As a side note, you don't have to know CSS/HTML to be a web designer. As a matter of fact, in most places I've worked, web designers did the graphic part on Photoshop and web developers sliced the images and wrote the HTML/CSS.
I don't know why this was downvoted, I totally agree with that. In fact, my co-founder, who is a graphic designer, knows next to nothing about HTML and CSS and I like it that way. It's his job to come up with nice designs and it's my job to make them work on a computer screen. Obviously we discuss things so he doesn't design stuff that are completely impossible to do in HTML/CSS or simply infeasible for some reason, but I try to give him as much artistic freedom as possible while shielding him from technical constraints. It worked out well so far.
>It's his job to come up with nice designs and it's my job to make them work on a computer screen. Obviously we discuss things so he doesn't design stuff that are completely impossible to do in HTML/CSS or simply infeasible for some reason, but I try to give him as much artistic freedom as possible while shielding him from technical constraints.
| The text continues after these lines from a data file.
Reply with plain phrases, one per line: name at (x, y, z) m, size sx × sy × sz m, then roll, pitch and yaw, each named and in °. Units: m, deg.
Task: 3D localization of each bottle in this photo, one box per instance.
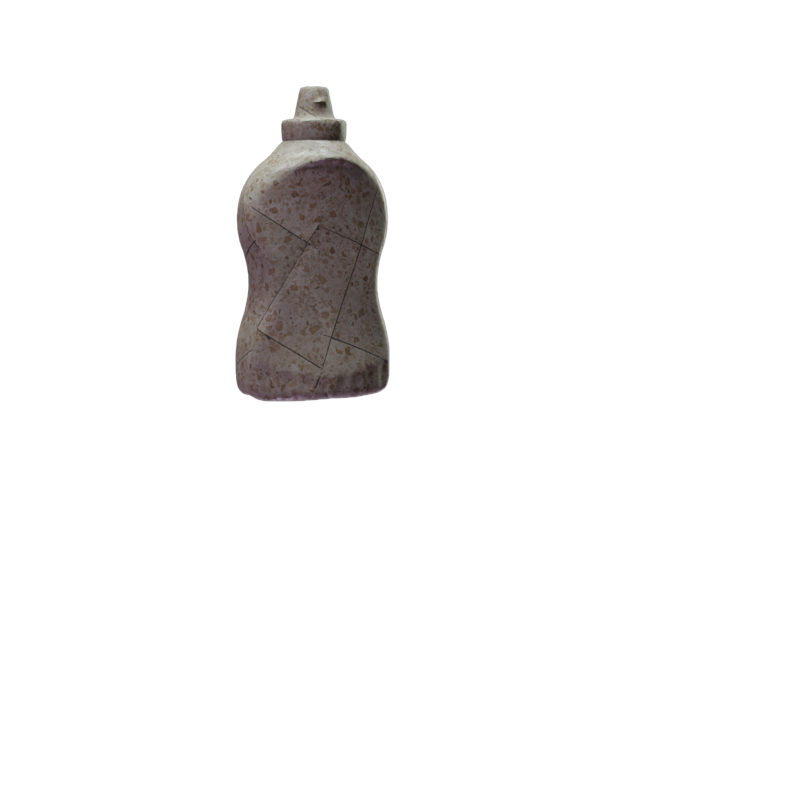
bottle at (-0.054, -0.099, 0.692) m, size 0.093 × 0.191 × 0.060 m, roll -1°, pitch 2°, yaw -24°
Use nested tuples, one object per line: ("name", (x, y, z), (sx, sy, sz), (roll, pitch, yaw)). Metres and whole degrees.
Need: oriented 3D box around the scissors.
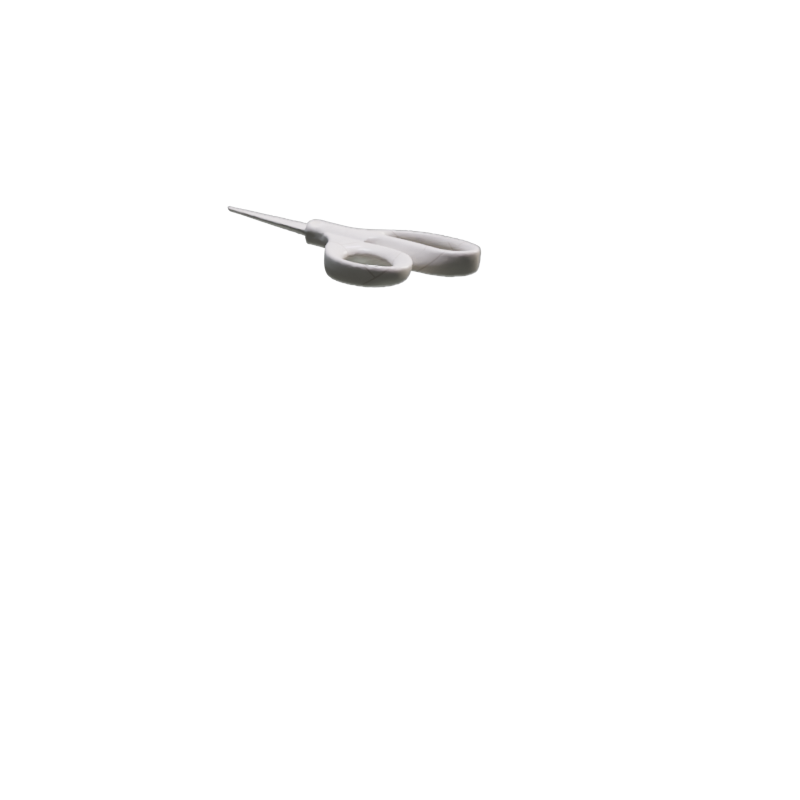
("scissors", (-0.051, -0.094, 0.658), (0.211, 0.015, 0.095), (13, 25, 31))
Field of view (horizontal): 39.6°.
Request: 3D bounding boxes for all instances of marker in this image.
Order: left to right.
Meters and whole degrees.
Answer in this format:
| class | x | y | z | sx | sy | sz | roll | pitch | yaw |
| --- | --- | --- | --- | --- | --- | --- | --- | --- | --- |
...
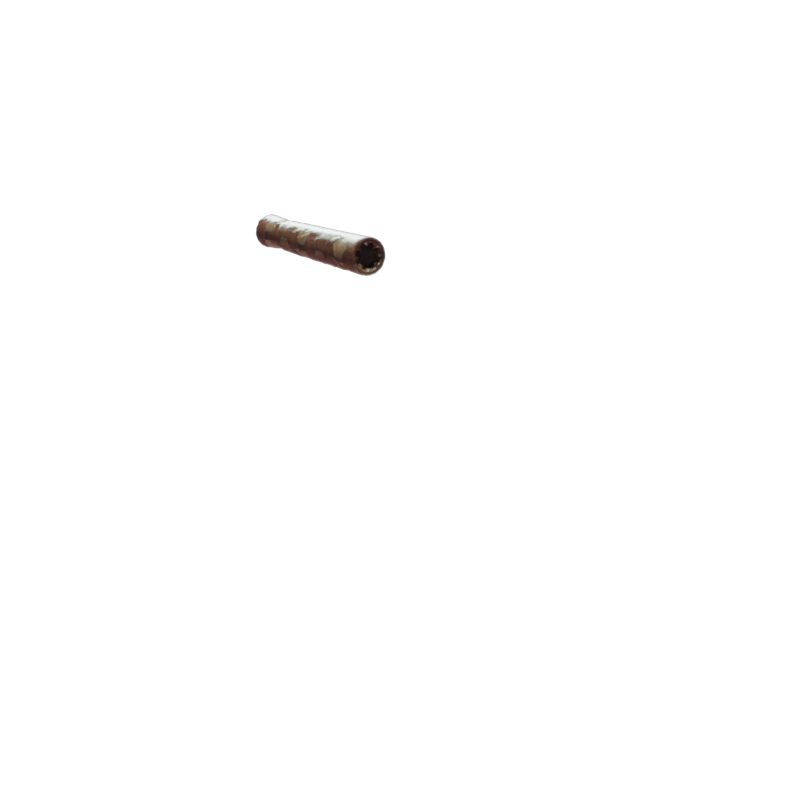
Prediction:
| class | x | y | z | sx | sy | sz | roll | pitch | yaw |
| --- | --- | --- | --- | --- | --- | --- | --- | --- | --- |
| marker | -0.045 | -0.082 | 0.577 | 0.019 | 0.019 | 0.127 | -2 | 14 | -29 |
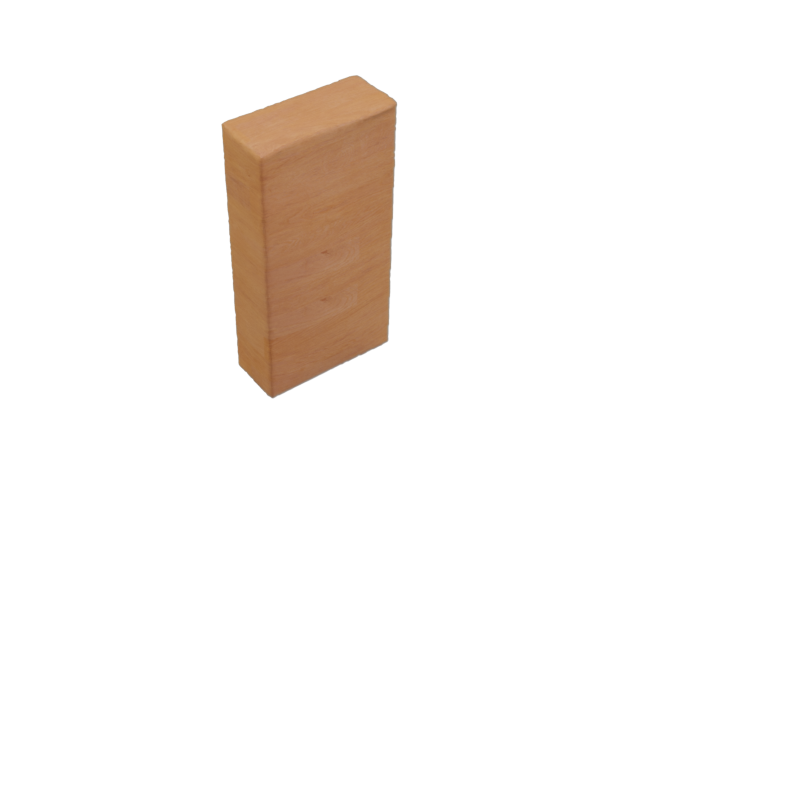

IMO you are the web designer he is acting like an apprentice. I can see how you might want to insulate from the technical constraints in effort to push the boundaries, but if the design is not considering the user's interactions, accessibility, browser limitations, SEO as well as things like calls to action and the design goals (profit or throughput or whatever) then they're not doing web design.
I'd say from your description you're a web designer employing a graphic artist.
Just 'shop-ing a design and transforming it to markup and styles tends to be print design that is put online rather than web design.
Not so sure about that. JavaScript is a quite advanced language, below the surface. To be able to do anything non-trivial in JavaScript, you have to be a developer and have to have a good understanding of Computer Science.
Also, I don't do any "design", in the creative sense. I implement the design of my partner. So I think your terminology is wrong.
JavaScript for AJAX and loading new information would be developer yes, because that is all about querying and interfacing with the back-end.
Simple visual JavaScript effects for enhancing presentation and interface would be web-designer.
To me the key part of the term "web-designer" is web... you are creating design using the assembly languages of web browsers: HTML, CSS, JavaScript, and small quick-to-load chunks of graphics. Drawing is just the first planning step and there is nothing that makes it "web" specific other than an intention. Whereas in "graphic" design this is the end result. A graphic designer designs instructions for a graphics display process to display graphics, a web designer designs instructions for a web browser to display web pages.